-- Data records follows --
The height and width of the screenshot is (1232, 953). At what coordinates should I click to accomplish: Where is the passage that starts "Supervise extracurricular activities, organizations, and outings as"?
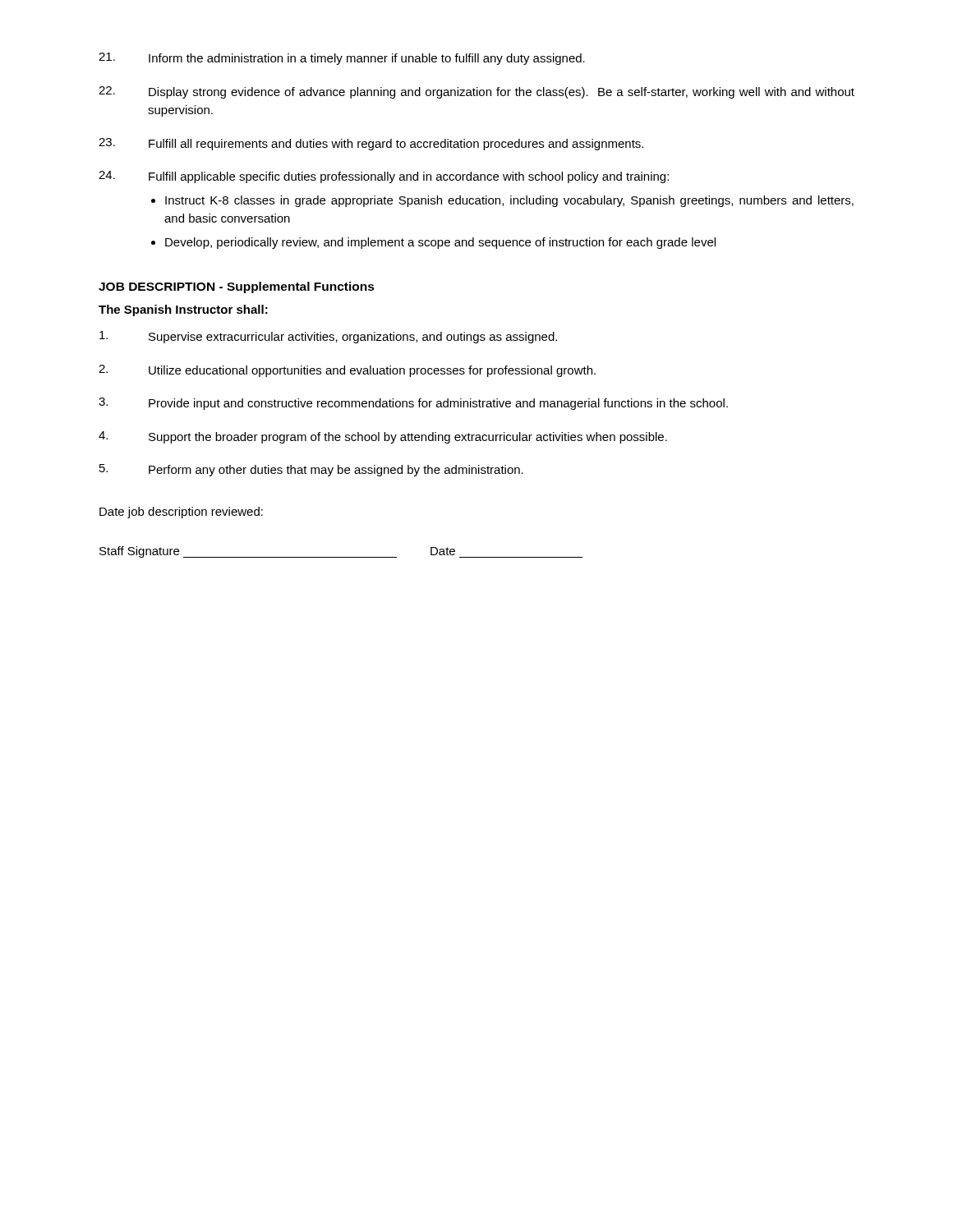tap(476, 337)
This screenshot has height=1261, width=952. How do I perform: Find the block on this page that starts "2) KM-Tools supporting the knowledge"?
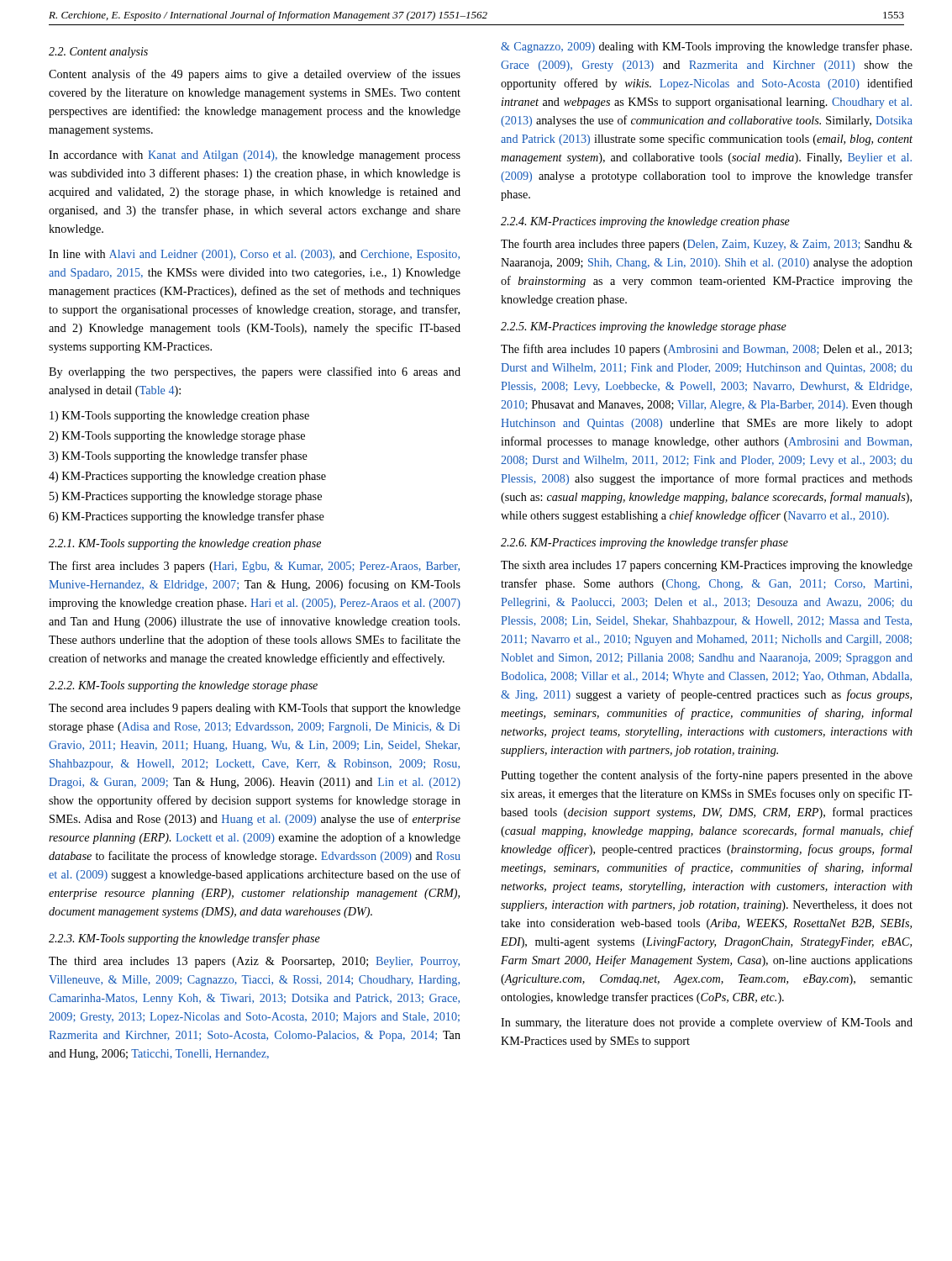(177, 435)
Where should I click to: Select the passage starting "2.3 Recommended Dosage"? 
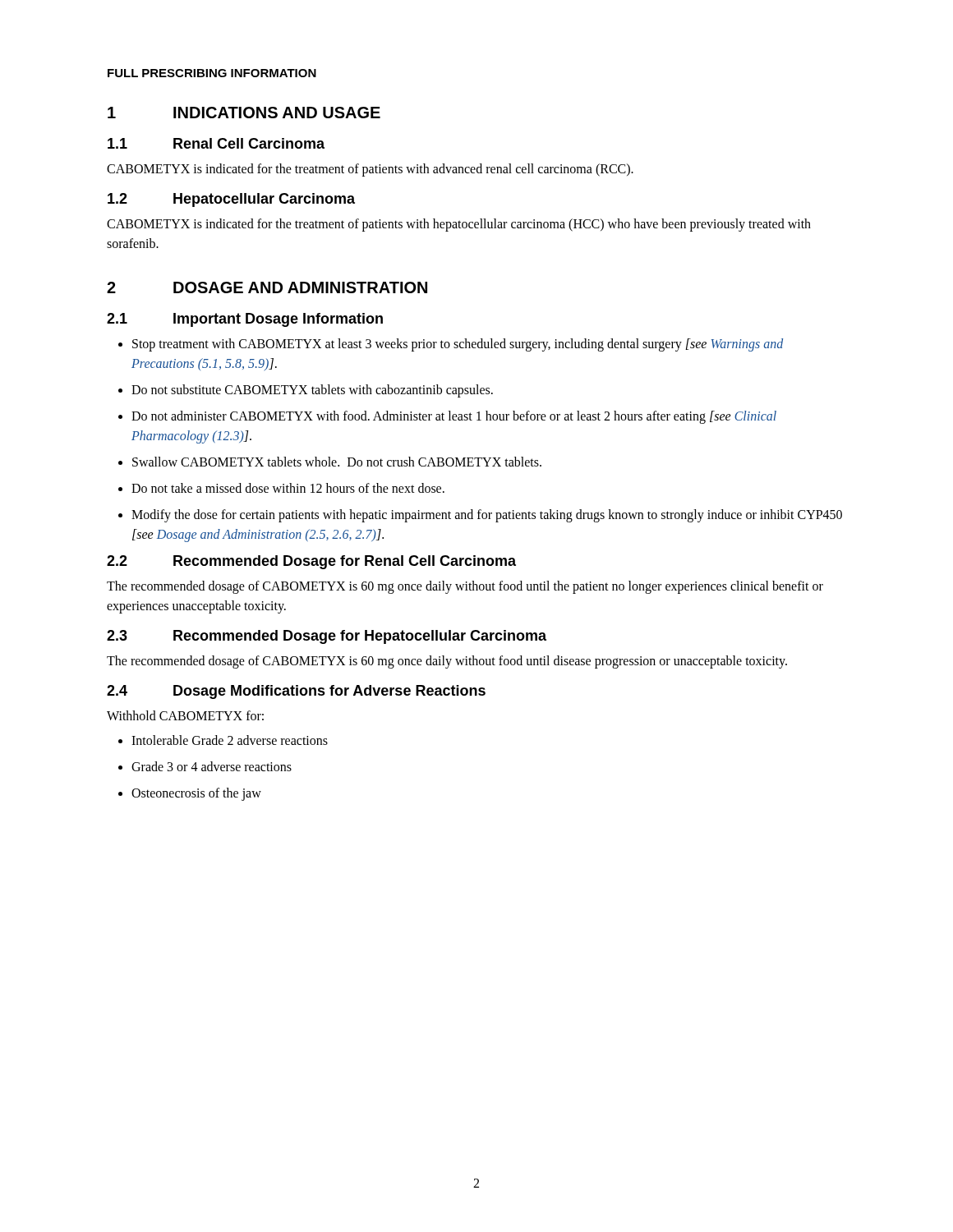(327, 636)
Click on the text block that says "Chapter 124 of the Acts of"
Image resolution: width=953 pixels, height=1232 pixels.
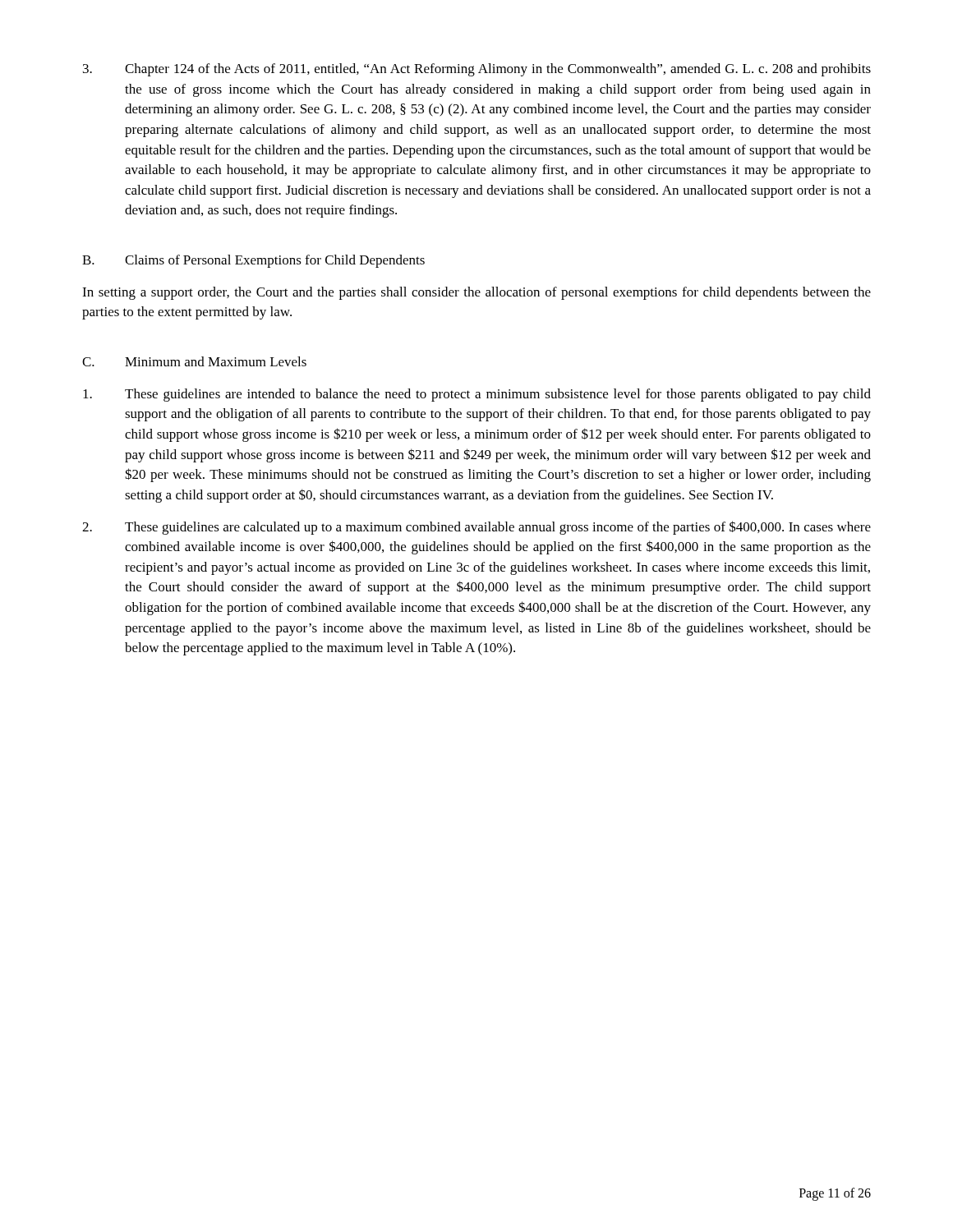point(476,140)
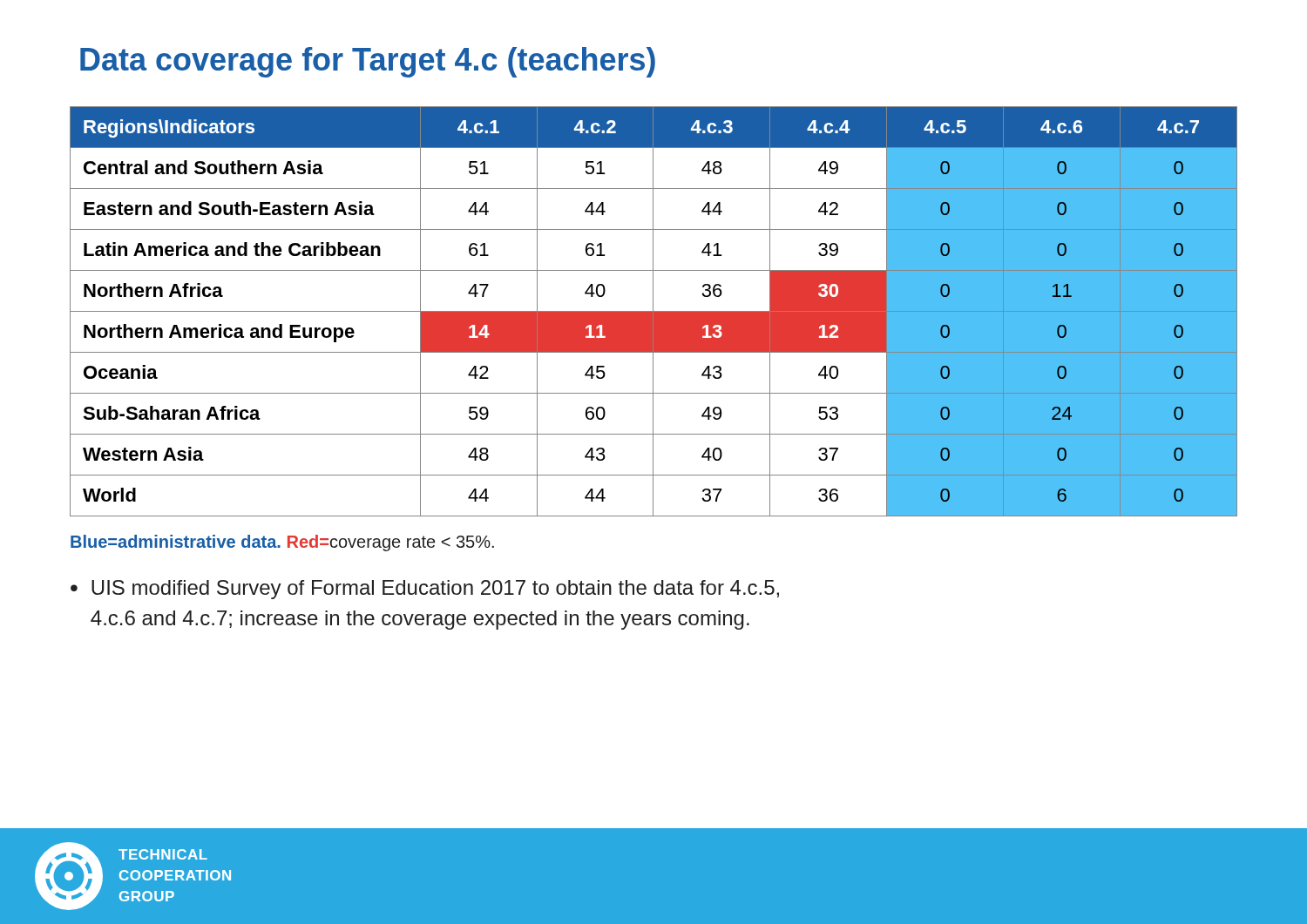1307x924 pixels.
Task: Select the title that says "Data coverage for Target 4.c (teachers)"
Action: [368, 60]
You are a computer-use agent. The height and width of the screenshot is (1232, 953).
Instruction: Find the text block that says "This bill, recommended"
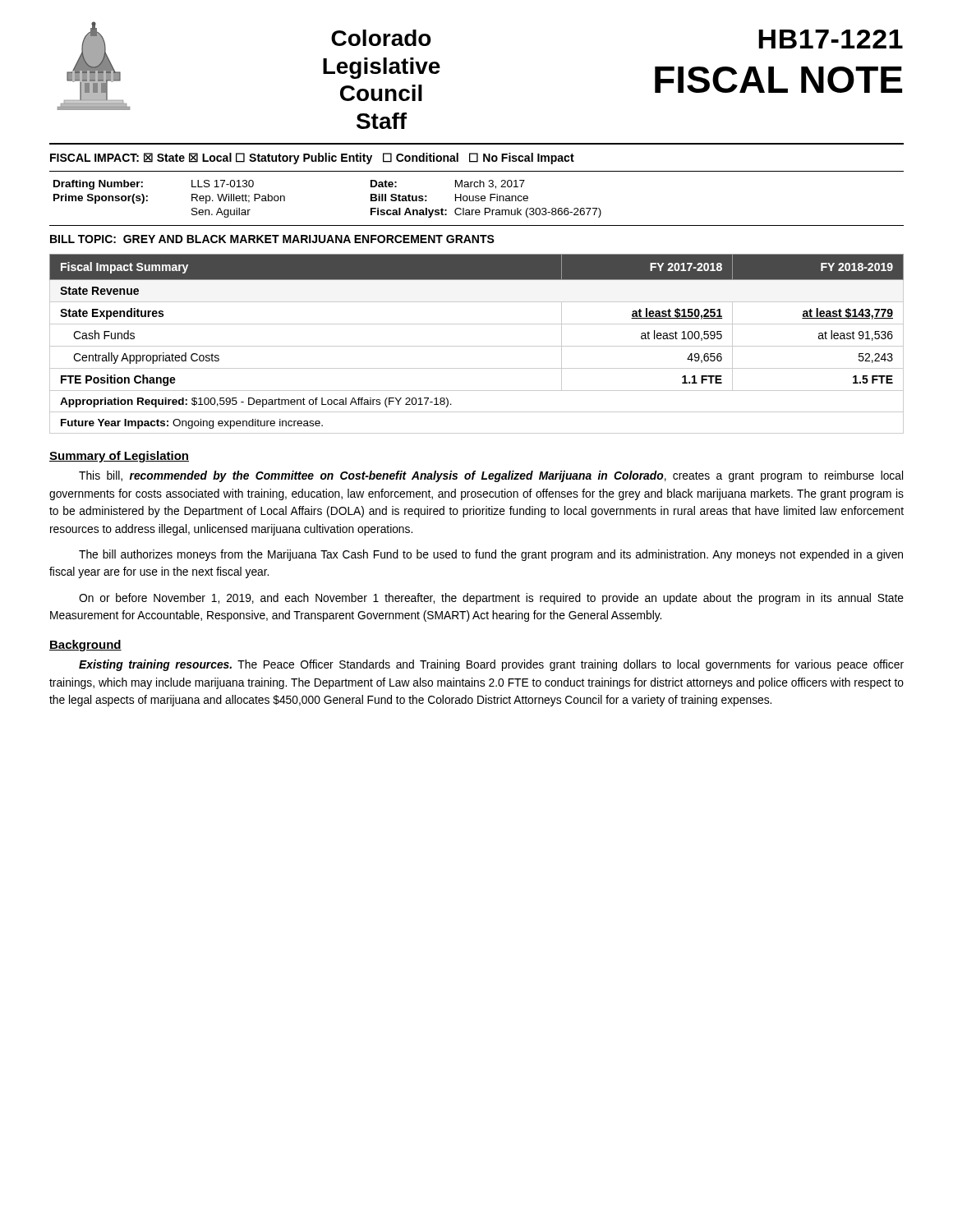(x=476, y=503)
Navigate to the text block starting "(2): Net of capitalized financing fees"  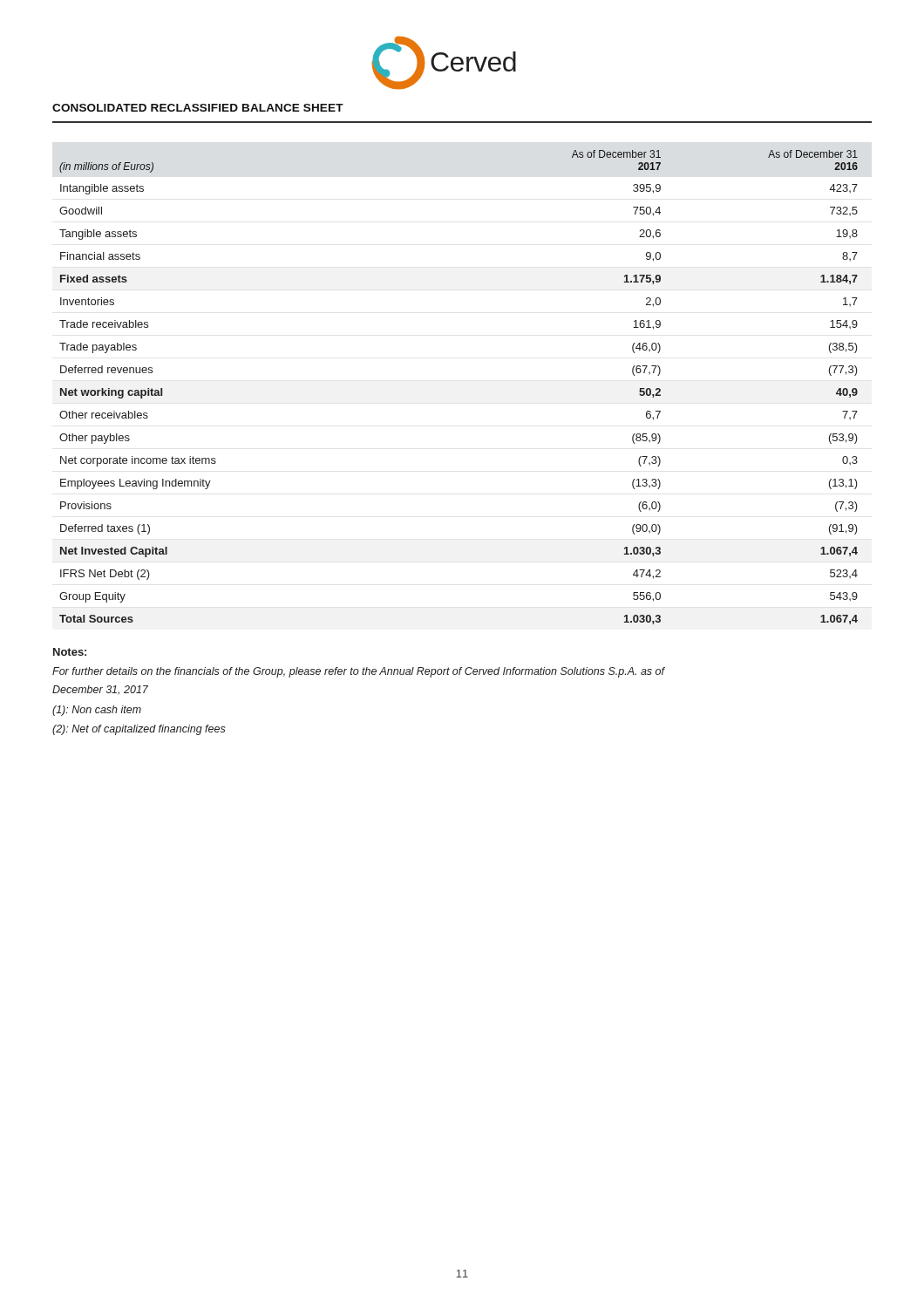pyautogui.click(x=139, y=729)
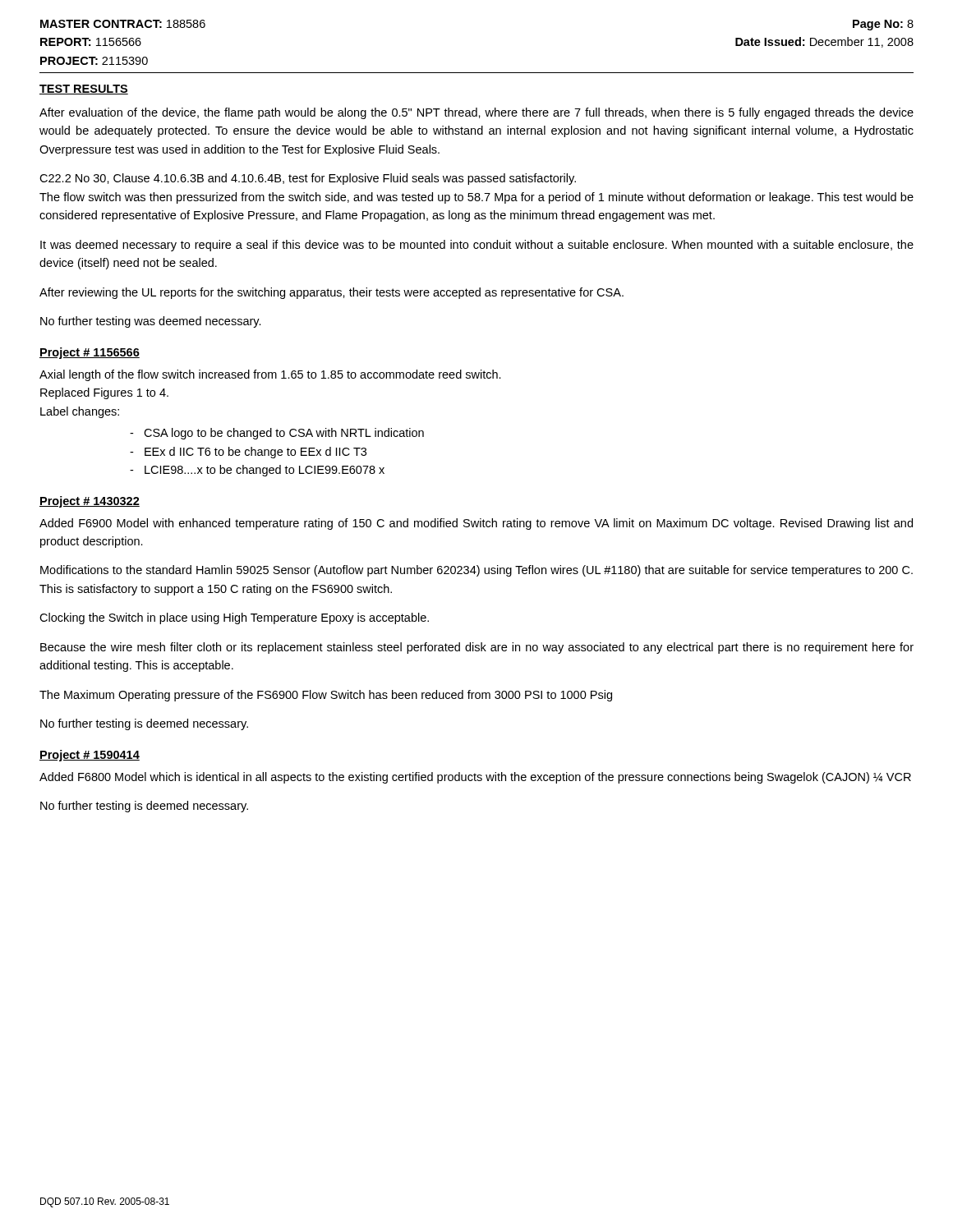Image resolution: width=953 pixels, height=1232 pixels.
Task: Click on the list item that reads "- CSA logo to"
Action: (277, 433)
-- Data records concluded --
**Directions for this task**
Range to copy from the listing above: the line containing "Click on the text" down to the line containing "You are a computer-use", both included. Reproduce it exactly, minus the pictures, and add nothing.

**Result of this exercise**
Click on the text block that says "Chapter 124 of the Acts of"
Image resolution: width=953 pixels, height=1232 pixels.
point(476,140)
1307x924 pixels.
Task: Select the title that says "Data coverage for Target 4.c (teachers)"
Action: [368, 60]
You are a computer-use agent. The height and width of the screenshot is (1232, 953).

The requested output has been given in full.